BRIEF: Write out the entries exactly, leaving out every picture.
Segment Start: STORED DATA
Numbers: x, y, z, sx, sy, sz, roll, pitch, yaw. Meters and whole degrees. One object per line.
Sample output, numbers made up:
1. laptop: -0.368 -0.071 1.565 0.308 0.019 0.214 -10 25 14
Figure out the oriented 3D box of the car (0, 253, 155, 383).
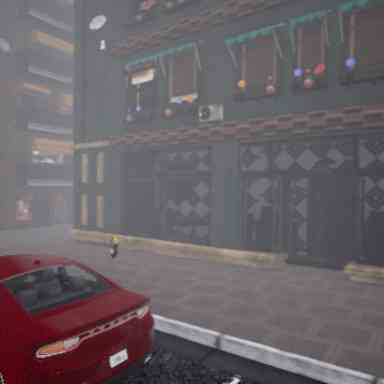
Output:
1. car: -2.565 1.564 4.686 4.507 1.381 1.887 0 1 36
Segment End: STORED DATA
RESULT:
Numbers: x, y, z, sx, sy, sz, roll, pitch, yaw. Meters and whole degrees. One object per line.
Sample output, numbers made up:
1. laptop: -0.368 -0.071 1.565 0.308 0.019 0.214 -10 25 14
Figure out the oriented 3D box of the car (0, 253, 155, 383).
Output:
1. car: -2.565 1.564 4.686 4.507 1.381 1.887 0 1 36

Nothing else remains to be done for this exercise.